In order to be reinstated at work, Dr. Marcus took his case to court. In the process, he learned that the government had engaged in various illegal activities, including 70 felony counts, in order to get him fired. At the same time, those who committed perjury were not held accountable for it. In fact, they were rewarded for their efforts:

“When we finally got the EPA to the courtroom…they admitted to doing several things to get me fired. We had notes of a meeting…that showed that fluoride was one of the main topics discussed and that it was agreed that they would fire me with the help of the Inspector General. When we got them on the stand and showed them the memoranda, they finally remembered and said, oh yes, we lied about that in our previous statements.

“Then…they admitted to shredding more than 70 documents that they had in hand – Freedom of Information requests. That’s a felony…. In addition, they charged me with stealing time from the government. They…tried to show…that I had been doing private work on government time and getting paid for it. When we came to court, I was able to show that the time cards they produced were forged, and forged by the Inspector General’s staff….”(83)

For all his efforts, Dr. Marcus was rehired, but nothing else has changed: “The EPA was ordered to rehire me, which they did. They were given a whole series of requirements to be met, such as paying me my back pay, restoring my leave, privileges, and sick leave and annual leave. The only thing they’ve done is put me back to work. They haven’t given me any of those things that they were required to do.”(83)

What is at the core of such ruthless tactics? John Yiamouyiannis feels that the central concern of government is to protect industry, and that the motivating force behind fluoride use is the need of certain businesses to dump their toxic waste products somewhere. They try to be inconspicuous in the disposal process and not make waves. “As is normal, the solution to pollution is dilution. You poison everyone a little bit rather than poison a few people a lot. This way, people don’t know what’s going on.”(46)

Since the Public Health Service has promoted the fluoride myth for over 50 years, they’re concerned about protecting their reputation. So scientists like Dr. Marcus, who know about the dangers, are intimidated into keeping silent. Otherwise, they jeopardize their careers. Dr. John Lee elaborates: “Back in 1943, the PHS staked their professional careers on the benefits and safety of fluoride. It has since become bureaucratized. Any public health official who criticizes fluoride, or even hints that perhaps it was an unwise decision, is at risk of losing his career entirely. This has happened time and time again. Public health officials such as Dr. Gray in British Columbia and Dr. Colquhoun in New Zealand found no benefit from fluoridation. When they reported these results, they immediately lost their careers…. This is what happens – the public health officials who speak out against fluoride are at great risk of losing their careers on the spot.”(31)

Yiamouyiannis adds that for the authorities to admit that they’re wrong would be devastating. “It would show that their reputations really don’t mean that much…. They don’t have the scientific background. As Ralph Nader once said, if they admit they’re wrong on fluoridation, people would ask, and legitimately so, what else have they not told us right?”(46)

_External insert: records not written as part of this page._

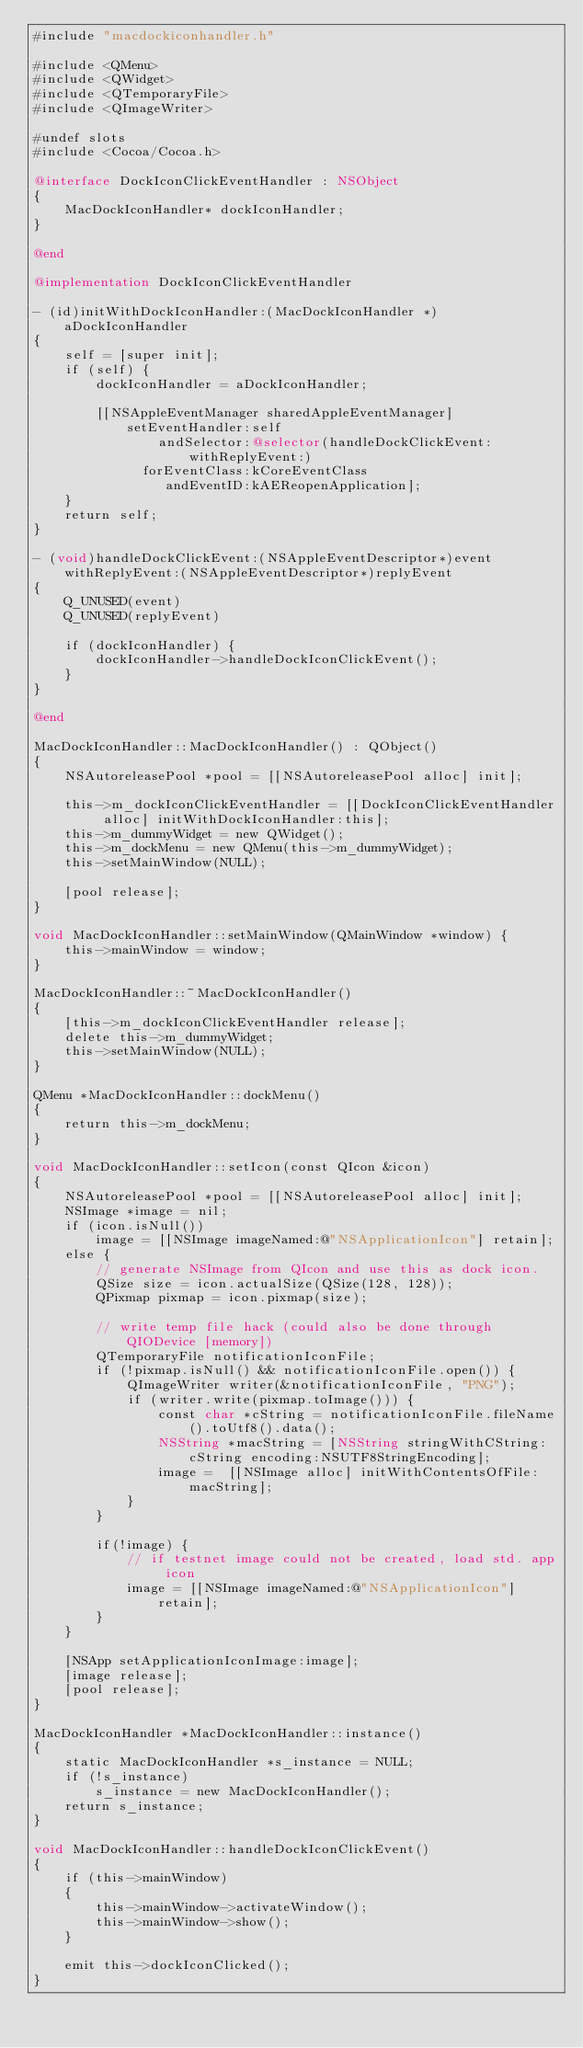Convert code to text. <code><loc_0><loc_0><loc_500><loc_500><_ObjectiveC_>#include "macdockiconhandler.h"

#include <QMenu>
#include <QWidget>
#include <QTemporaryFile>
#include <QImageWriter>

#undef slots
#include <Cocoa/Cocoa.h>

@interface DockIconClickEventHandler : NSObject
{
    MacDockIconHandler* dockIconHandler;
}

@end

@implementation DockIconClickEventHandler

- (id)initWithDockIconHandler:(MacDockIconHandler *)aDockIconHandler
{
    self = [super init];
    if (self) {
        dockIconHandler = aDockIconHandler;

        [[NSAppleEventManager sharedAppleEventManager]
            setEventHandler:self
                andSelector:@selector(handleDockClickEvent:withReplyEvent:)
              forEventClass:kCoreEventClass
                 andEventID:kAEReopenApplication];
    }
    return self;
}

- (void)handleDockClickEvent:(NSAppleEventDescriptor*)event withReplyEvent:(NSAppleEventDescriptor*)replyEvent
{
    Q_UNUSED(event)
    Q_UNUSED(replyEvent)

    if (dockIconHandler) {
        dockIconHandler->handleDockIconClickEvent();
    }
}

@end

MacDockIconHandler::MacDockIconHandler() : QObject()
{
    NSAutoreleasePool *pool = [[NSAutoreleasePool alloc] init];

    this->m_dockIconClickEventHandler = [[DockIconClickEventHandler alloc] initWithDockIconHandler:this];
    this->m_dummyWidget = new QWidget();
    this->m_dockMenu = new QMenu(this->m_dummyWidget);
    this->setMainWindow(NULL);

    [pool release];
}

void MacDockIconHandler::setMainWindow(QMainWindow *window) {
    this->mainWindow = window;
}

MacDockIconHandler::~MacDockIconHandler()
{
    [this->m_dockIconClickEventHandler release];
    delete this->m_dummyWidget;
    this->setMainWindow(NULL);
}

QMenu *MacDockIconHandler::dockMenu()
{
    return this->m_dockMenu;
}

void MacDockIconHandler::setIcon(const QIcon &icon)
{
    NSAutoreleasePool *pool = [[NSAutoreleasePool alloc] init];
    NSImage *image = nil;
    if (icon.isNull())
        image = [[NSImage imageNamed:@"NSApplicationIcon"] retain];
    else {
        // generate NSImage from QIcon and use this as dock icon.
        QSize size = icon.actualSize(QSize(128, 128));
        QPixmap pixmap = icon.pixmap(size);

        // write temp file hack (could also be done through QIODevice [memory])
        QTemporaryFile notificationIconFile;
        if (!pixmap.isNull() && notificationIconFile.open()) {
            QImageWriter writer(&notificationIconFile, "PNG");
            if (writer.write(pixmap.toImage())) {
                const char *cString = notificationIconFile.fileName().toUtf8().data();
                NSString *macString = [NSString stringWithCString:cString encoding:NSUTF8StringEncoding];
                image =  [[NSImage alloc] initWithContentsOfFile:macString];
            }
        }

        if(!image) {
            // if testnet image could not be created, load std. app icon
            image = [[NSImage imageNamed:@"NSApplicationIcon"] retain];
        }
    }

    [NSApp setApplicationIconImage:image];
    [image release];
    [pool release];
}

MacDockIconHandler *MacDockIconHandler::instance()
{
    static MacDockIconHandler *s_instance = NULL;
    if (!s_instance)
        s_instance = new MacDockIconHandler();
    return s_instance;
}

void MacDockIconHandler::handleDockIconClickEvent()
{
    if (this->mainWindow)
    {
        this->mainWindow->activateWindow();
        this->mainWindow->show();
    }

    emit this->dockIconClicked();
}
</code> 
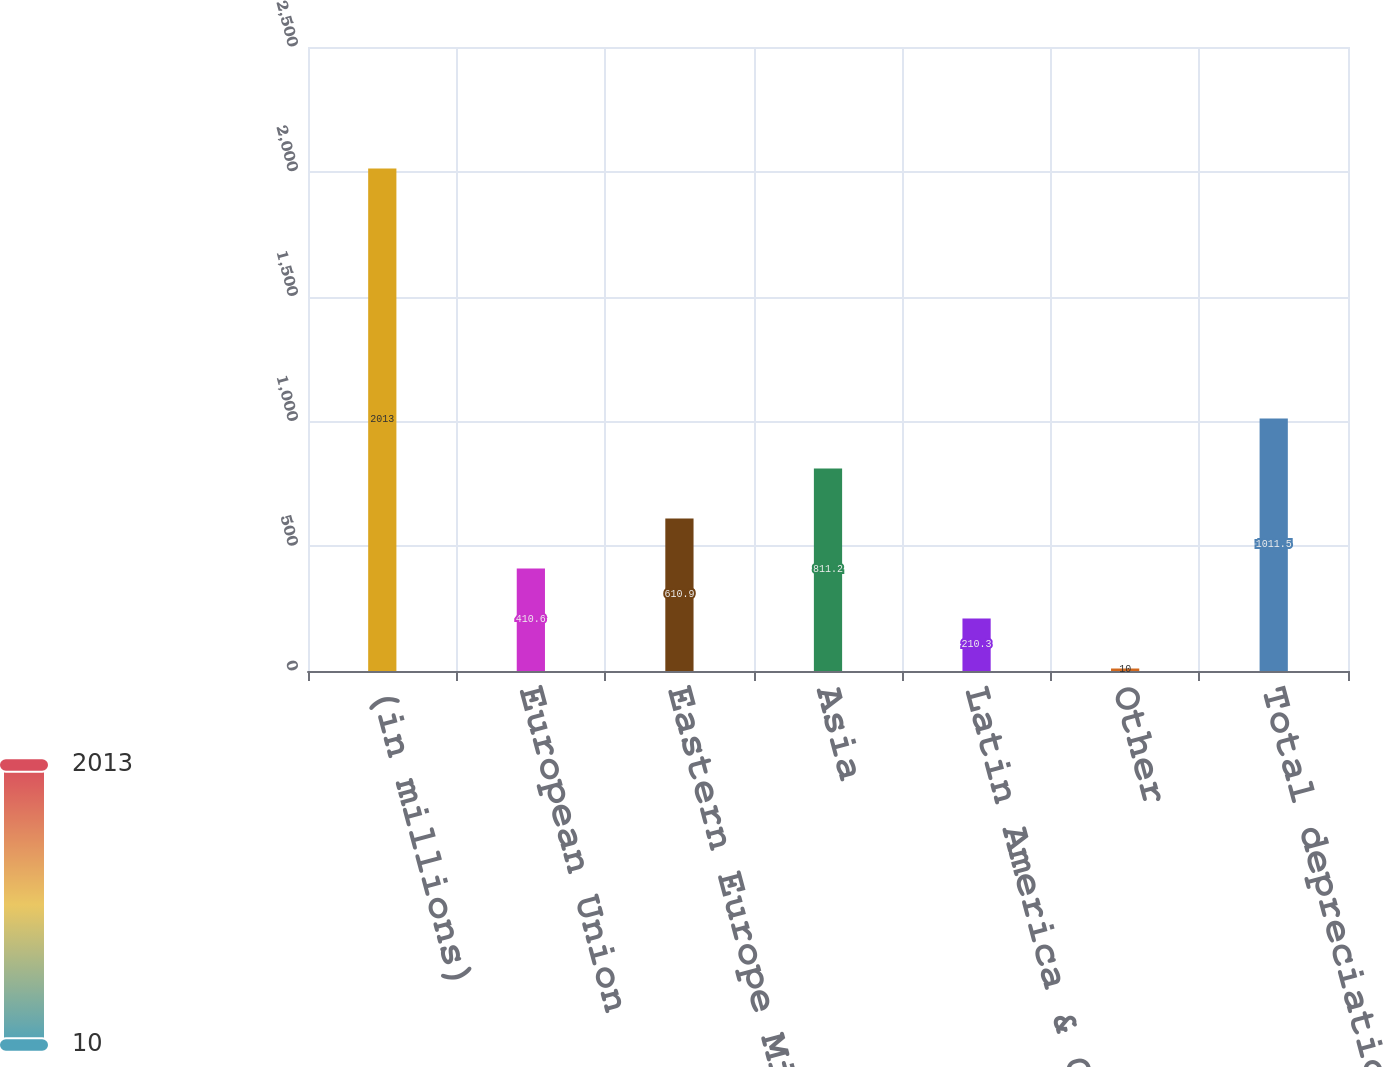Convert chart to OTSL. <chart><loc_0><loc_0><loc_500><loc_500><bar_chart><fcel>(in millions)<fcel>European Union<fcel>Eastern Europe Middle East &<fcel>Asia<fcel>Latin America & Canada<fcel>Other<fcel>Total depreciation expense<nl><fcel>2013<fcel>410.6<fcel>610.9<fcel>811.2<fcel>210.3<fcel>10<fcel>1011.5<nl></chart> 
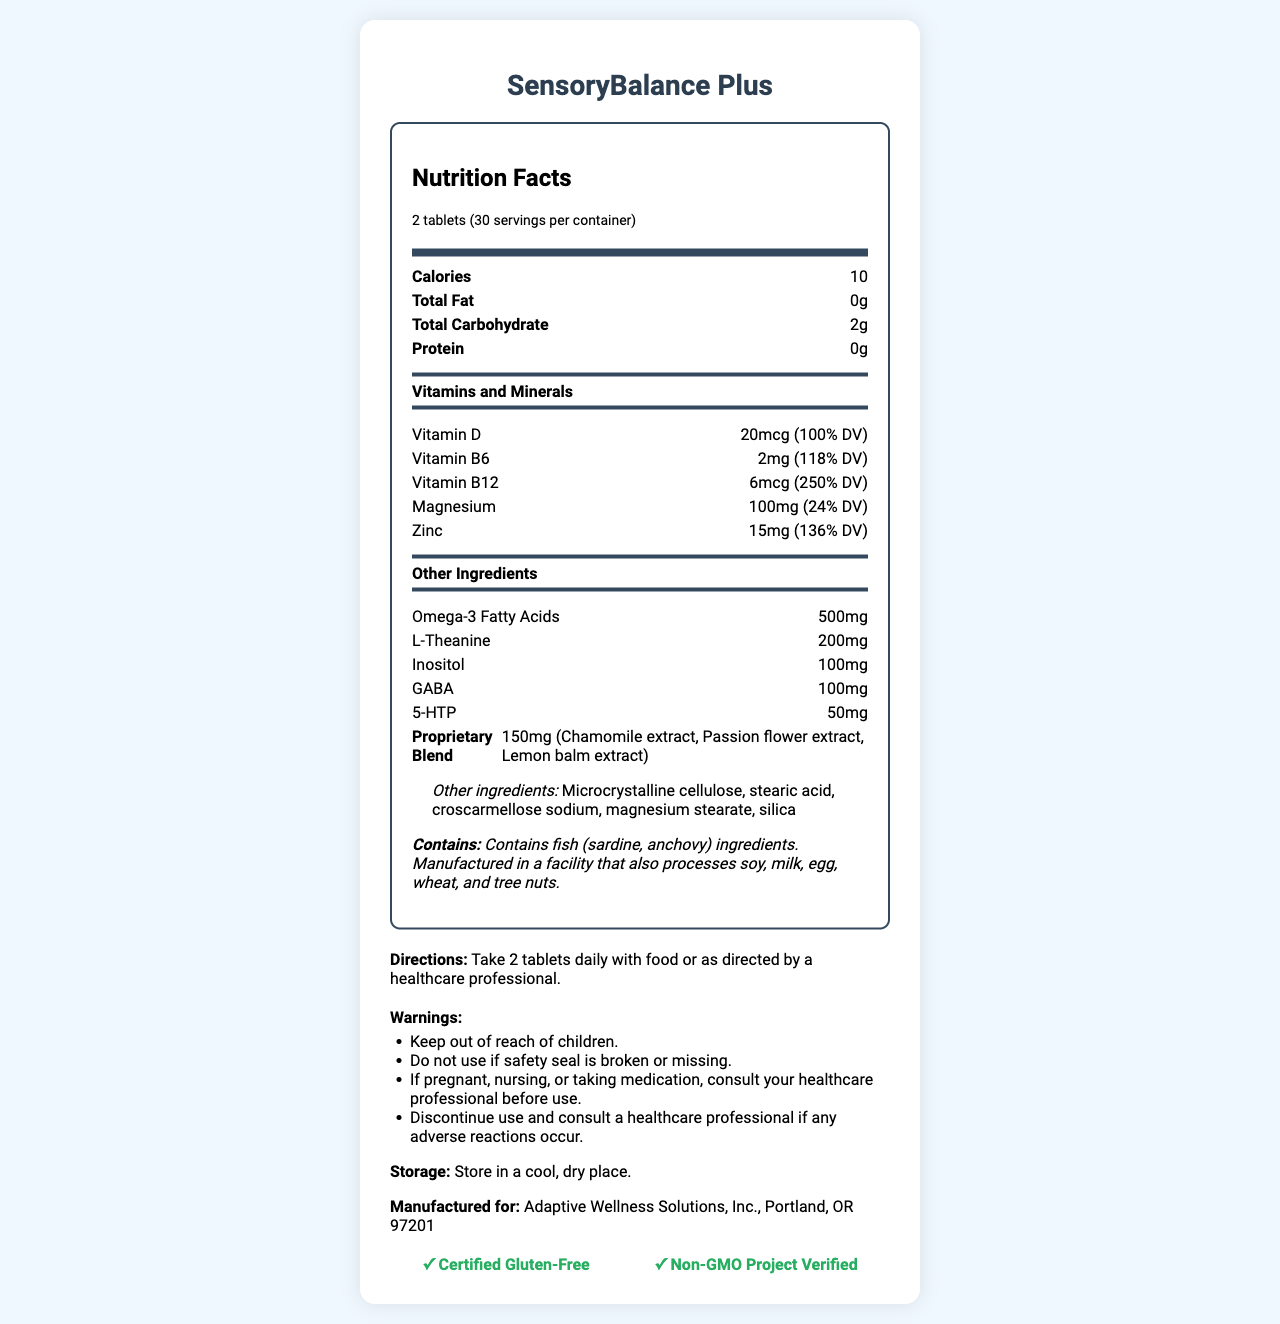what is the serving size for SensoryBalance Plus? The label clearly states that the serving size is 2 tablets.
Answer: 2 tablets how many servings are in one container? The document indicates that there are 30 servings per container.
Answer: 30 how many calories are in one serving? The section titled "Nutrition Facts" lists that each serving contains 10 calories.
Answer: 10 what percentage of the daily value (% DV) of Vitamin D does one serving provide? The nutrition label notes that there is 20mcg of Vitamin D, which is 100% of the daily value.
Answer: 100% what is the total amount of magnesium in one serving? In the "Vitamins and Minerals" section, it lists magnesium at 100mg per serving.
Answer: 100mg which ingredient listed under other ingredients might be of concern for individuals with fish allergies? A. Microcrystalline cellulose B. Stearic acid C. Croscarmellose sodium D. Omega-3 Fatty Acids The allergen information mentions that the product contains fish (sardine, anchovy) ingredients, which are associated with omega-3 fatty acids.
Answer: D. Omega-3 Fatty Acids which of the following vitamins is present in the highest percentage of the daily value? I. Vitamin D II. Vitamin B6 III. Vitamin B12 IV. Magnesium Vitamin B12 is listed at 250% DV, which is higher than the other vitamins mentioned.
Answer: III. Vitamin B12 is SensoryBalance Plus gluten-free? The document includes a certification for being "Certified Gluten-Free".
Answer: Yes what should you do if you are pregnant or nursing before taking this supplement? The warnings section advises consulting a healthcare professional if pregnant, nursing, or taking medication.
Answer: Consult your healthcare professional summarize the main purpose and key features of SensoryBalance Plus. The summary encapsulates the main purpose of the supplement, its target audience, an overview of its nutritional content, and important usage warnings.
Answer: SensoryBalance Plus is a dietary supplement designed for individuals with sensory processing disorders. It provides essential vitamins, minerals, and specialized ingredients like omega-3 fatty acids, L-Theanine, and GABA. The product is gluten-free, non-GMO, and contains fish ingredients with allergen warnings. Directions and several cautionary notes are provided for safe usage. what is the property of the proprietary blend? The label lists that the proprietary blend includes chamomile extract, passion flower extract, and lemon balm extract.
Answer: Contains Chamomile extract, Passion flower extract, Lemon balm extract who manufactures SensoryBalance Plus? The label specifies that the product is manufactured for Adaptive Wellness Solutions, Inc., located in Portland, OR 97201.
Answer: Adaptive Wellness Solutions, Inc., Portland, OR 97201 how much L-Theanine is in each serving of SensoryBalance Plus? The nutrition label states that each serving contains 200mg of L-Theanine.
Answer: 200mg cannot be answered: which healthcare professional should you consult before using SensoryBalance Plus? The document advises consulting a healthcare professional but does not specify any particular kind of healthcare professional.
Answer: Cannot be determined

Accompanying a loss in status would be a tremendous loss in revenue. Yiamouyiannis points out that “the indiscriminate careless handling of fluoride has a lot of companies, such as Exxon, U.S. Steel, and Alcoa, making tens of billions of dollars in extra profits at our expense…. For them to go ahead now and admit that this is bad, this presents a problem, a threat, would mean tens of billions of dollars in lost profit because they would have to handle fluoride properly. Fluoride is present in everything from phosphate fertilizers to cracking agents for the petroleum industry.”(46)

Fluoride could only be legally disposed of at a great cost to industry. As Dr. Bill Marcus explains, “There are prescribed methods for disposal and they’re very expensive. Fluoride is a very potent poison. It’s a registered pesticide, used for killing rats or mice…. If it were to be disposed of, it would require a class-one landfill. That would cost the people who are producing aluminum or fertilizer about $7000+ per 5000- to 6000-gallon truckload to dispose of it. It’s highly corrosive.”(83)

Another problem is that the U.S. judicial system, even when convinced of the dangers, is powerless to change policy. Yiamouyiannis tells of his involvement in court cases in Pennsylvania and Texas in which, while the judges were convinced that fluoride was a health hazard, they did not have the jurisdiction to grant relief from fluoridation. That would have to be done, it was ultimately found, through the legislative process.(46) Interestingly, the judiciary seems to have more power to effect change in other countries. Yiamouyiannis states that when he presented the same technical evidence in Scotland, the Scottish court outlawed fluoridation based on the evidence.(46)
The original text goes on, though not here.